# Completely Debadging the Car... Help.



## Mick (Dec 31, 2011)

What are you planning to do with the hole on the trunk? I wouldn't leave it like that and risk rust. 

Sent from my Phablet. Excuse the grammurr.


----------



## brian v (Dec 25, 2011)

You might want to peruse the How 2 threads under appearance ,Detailing and Interior . I am sure you will find some useful imformation amongst the threads there.
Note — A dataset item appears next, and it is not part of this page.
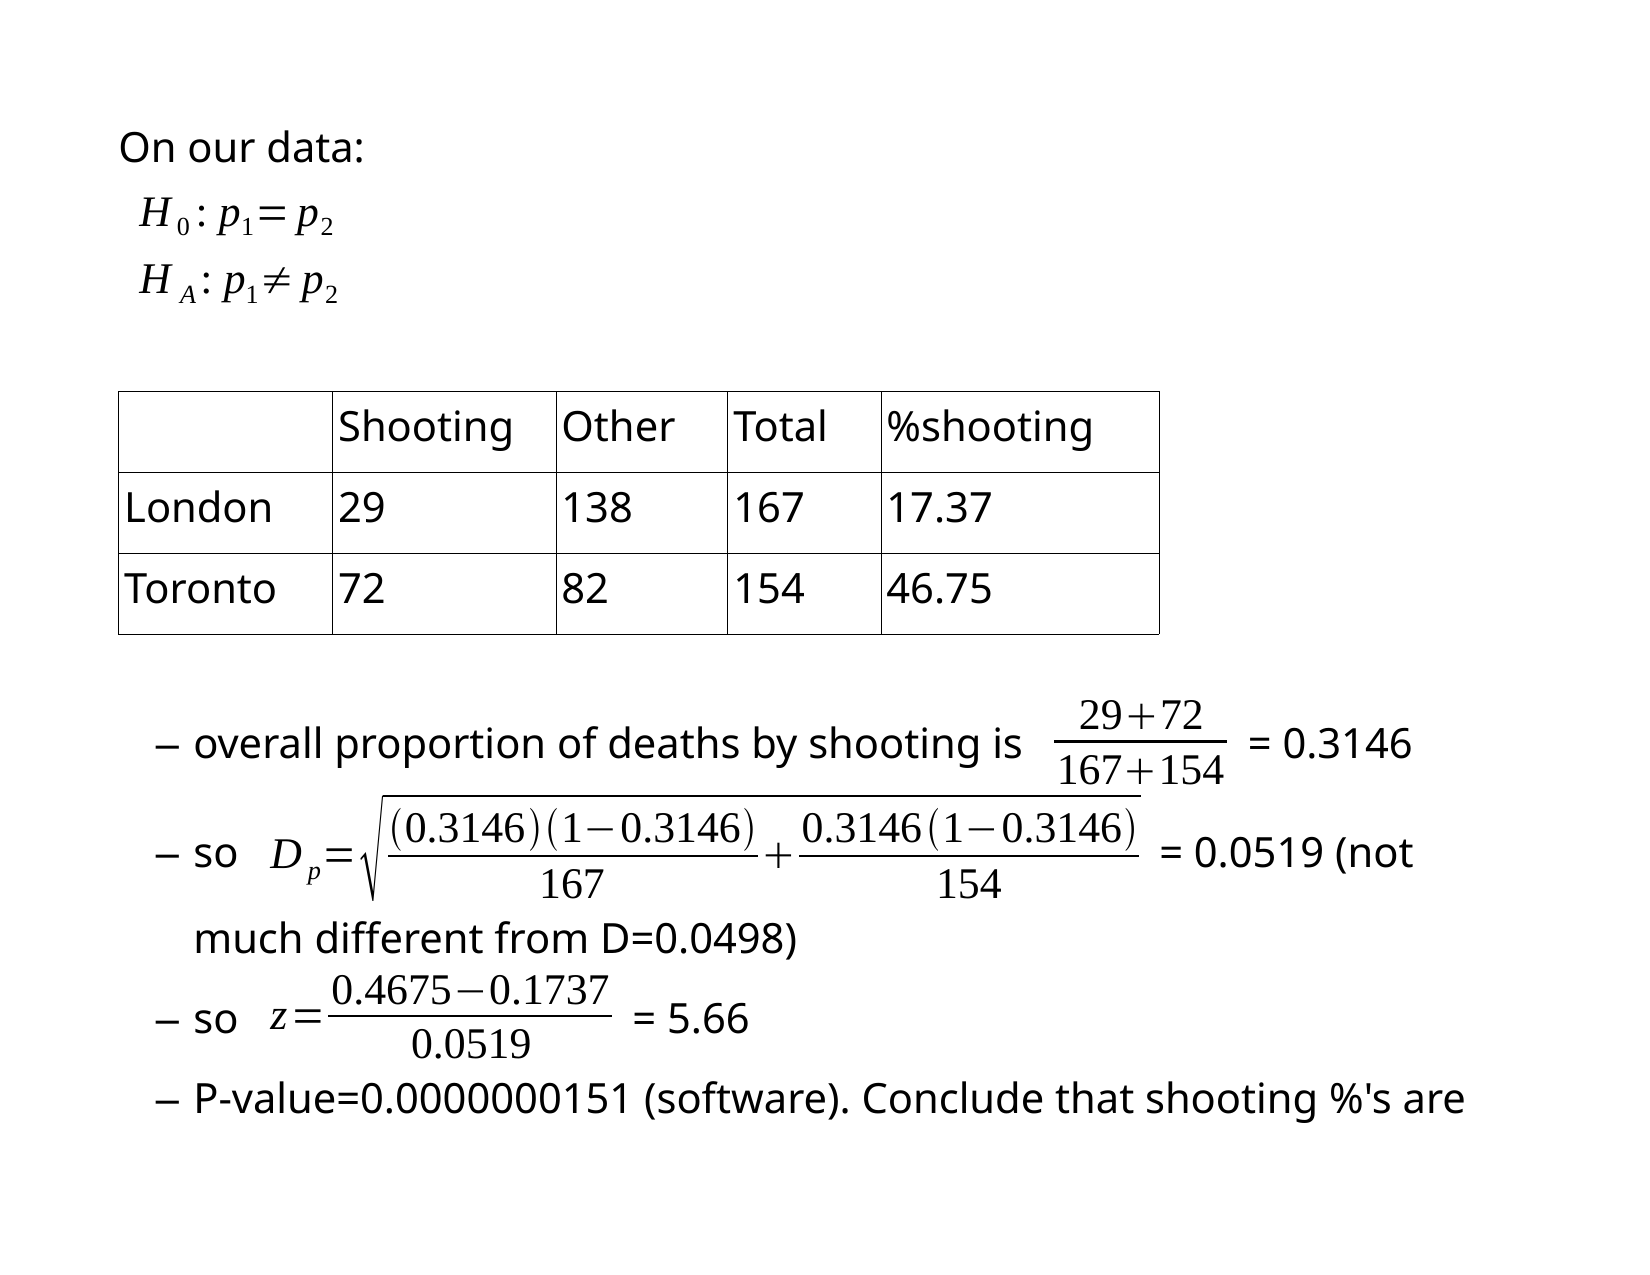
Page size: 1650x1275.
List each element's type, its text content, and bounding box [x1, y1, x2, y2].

Yeah and plug yer hole in that trunk !


----------



## McNeo (Dec 17, 2013)

Regarding that hole... I plan on debadging this spring and I've found vinyl that's a perfect color match to my car. I was thinking about getting a rounded-rectangle cut to cover that hole, but my buddy says it would stand out like a sore thumb, may not seal as well as I'd like it to, and may make a bubble/indent where the hole is. Thoughts?


----------



## brian v (Dec 25, 2011)

A ruuber grommet or plug should suffice . Ask a body shop !


----------



## McNeo (Dec 17, 2013)

JstCruzn said:


>


*Jelly* Just realized these are the Technostalgia tails we're all waiting for, or at least they look like them.


----------



## JstCruzn (Mar 19, 2013)

Mick said:


> What are you planning to do with the hole on the trunk? I wouldn't leave it like that and risk rust.
> 
> Sent from my Phablet. Excuse the grammurr.


I've been thinking about going to a body shop to have it filled. But still looking for good ideas that'll cover it up and not stand out.




brian v said:


> You might want to peruse the How 2 threads under appearance ,Detailing and Interior . I am sure you will find some useful imformation amongst the threads there.
> 
> Yeah and plug yer hole in that trunk !


I don't see a How To sticky thread or How-To threads under this section...




McNeo said:


> *Jelly* Just realized these are the Technostalgia tails we're all waiting for, or at least they look like them.


These are actually not Technostalgia tail lights. I was really lucky enough to buy it from someone on here who already did the wiring. I was on the buy list to pre-order those tail lights but sounds like they're still having problems with it or not working on it anymore.


----------



## brian v (Dec 25, 2011)

Did you look in the How to library ?


----------



## JstCruzn (Mar 19, 2013)

brian v said:


> Did you look in the How to library ?


I have... didn't really help with what I was looking for.


----------